By CP
A security agency in Nigeria has ordered a prominent Catholic bishop to appear for questioning over his remarks that the country’s government, led by President Muhammadu Buhari, has failed to stop kidnappings and persecution of Christians, according to media reports.
The State Security Service, which reports to Nigeria’s president, has asked Bishop Matthew Kukah of the Sokoto diocese in northwest Nigeria to present himself for questioning after he wrote in his Christmas message that the government seems to have left the fate of Nigerians in the hands of “evil men,” The National Catholic Register reported.
In his message, the bishop referred to more than 100 girls who were abducted by the Boko Haram terror group who are yet to be rescued as well as “hundreds of other children whose captures were less dramatic,” according to CNA’s partner agency ACI Africa.
“Nothing expresses the powerlessness of the families like the silence of state at the federal level,” he said. “We have before us a government totally oblivious to the cherished values of the sacredness of life. Tales and promises about planned rescues have since deteriorated into mere whispers.”
He continued, “Every day, we hear of failure of intelligence, yet, those experts who provide intelligence claim that they have always done their duty diligently and efficiently. Does the President of the Federal Republic of Nigeria not believe that he owes parents and citizens answers as to where our children are and when they are coming home?”
The bishop warned that Nigeria is “fully in the grip of evil, adding: “Today, a feeling of vindication only saddens me as I have watched the north break into a cacophony of quarrelsome blame games over our tragic situation.”
The People’s Gazette reports that the State Security Service is a “federal secret police” that holds a reputation for intimidating and arresting government critics.
The Southern Kaduna People’s Union, which has spoken out against insecurity in the Kaduna state, has urged Bishop Kukah not to accept the agency’s invitation for questioning, arguing that other critics who have been called in for questioning have been silenced.
SOKAPU National Youth Leader Issac John Sirjay argued in a statement Monday that the government has “extended invitations to some people who had at one time or the other accepted invitations, particularly persons considered to be critical of the nepotistic and clandestine leadership style of the Buhari administration.”
“We mourned the sudden demise of Dr. Obadiah Mailafia of blessed memory who until his death was a dogged critic of this administration and a regular visitor at one of the DSS facilities,” Sirjay’s statement reads, according to the United States-based outlet Sahara Reporters.
“Without ruling out any possibility of harm, we consider the invitation of Bishop Kukah by the DSS as one of such ploy designed to silence him at all cost.”

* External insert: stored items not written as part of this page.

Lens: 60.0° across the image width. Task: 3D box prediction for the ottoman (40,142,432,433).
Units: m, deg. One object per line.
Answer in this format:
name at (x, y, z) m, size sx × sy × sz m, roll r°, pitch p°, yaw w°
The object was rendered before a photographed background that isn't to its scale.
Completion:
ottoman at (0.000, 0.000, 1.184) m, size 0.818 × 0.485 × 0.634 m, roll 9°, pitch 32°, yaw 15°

“In light of the above, it suffices to state boldly that the DSS has unarguably deviated from its core mandate of protecting national security and has become a willing tool for the suppression of free speech,” the statement added.

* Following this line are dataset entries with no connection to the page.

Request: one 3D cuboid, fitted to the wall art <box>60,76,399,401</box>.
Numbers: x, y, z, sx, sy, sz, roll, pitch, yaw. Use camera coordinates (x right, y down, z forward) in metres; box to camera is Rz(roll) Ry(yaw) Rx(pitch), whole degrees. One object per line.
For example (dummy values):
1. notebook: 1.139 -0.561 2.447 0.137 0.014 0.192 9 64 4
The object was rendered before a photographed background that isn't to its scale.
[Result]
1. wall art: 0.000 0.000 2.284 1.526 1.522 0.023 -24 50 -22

Last November, a Nigerian journalist and Roman Catholic, Luka Binniyat, was detained allegedly for his reporting about attacks against predominantly Christian communities and the government’s response.
Binniyat, a father who writes for the anti-communist newspaper Epoch Times, was arrested and arraigned at the Barnawa Magistrate’s Court in Kaduna state. He was charged with cyberstalking — a charge critics say is often used in the African country to silence the media.
He was arrested after writing an Oct. 29 article titled “In Nigeria, Police Decry Massacres as ‘Wicked’ But Make No Arrests.”
The article is part of The Epoch Times’ coverage of the deadly attacks targeting the predominantly-Christian farming communities in the West African country’s Middle Belt.
Binniyat pushed back against government official’s characterization of an attack on Christian farmers in the state as a “clash.” The Nigerian government has long claimed that violence in Nigeria’s Middle Belt results from decades-old farmer-herder clashes that have been exacerbated in recent years by more herders migrating south due to desertification and climate change.
Critics have warned that the Nigerian government’s lack of action in the Middle Belt could result in a religious “genocide.” But the Nigerian government has pushed back on such assertions.
According to a recent study from the Anambra-based International Society for Civil Liberties and Rule of Law, at least 60,000 Christians have been killed in the past two decades in Nigeria. The organization, which is run by Christian criminologist Emeka Umeagbalasi, reports that hundreds of churches have been threatened, attacked, closed, destroyed or burned in 2021.
In the northern parts of Nigeria, criminal groups and terrorists have conducted several large-scale abductions of school children in recent years. In 2014, about 276 schoolgirls were kidnapped from a school in Chibok in the northeast Borno state by the Islamic radical group Boko Haram. As many as 112 of those girls remain missing.
In February 2021, armed militants kidnapped nearly 300 schoolgirls from the Government Girls Science Secondary School in Jangebe, Zamfara state. The children were released weeks later.
Watchdog group Open Doors USA, which monitors persecution in over 60 countries, ranks Nigeria as the ninth-worst country when it comes to Christian persecution.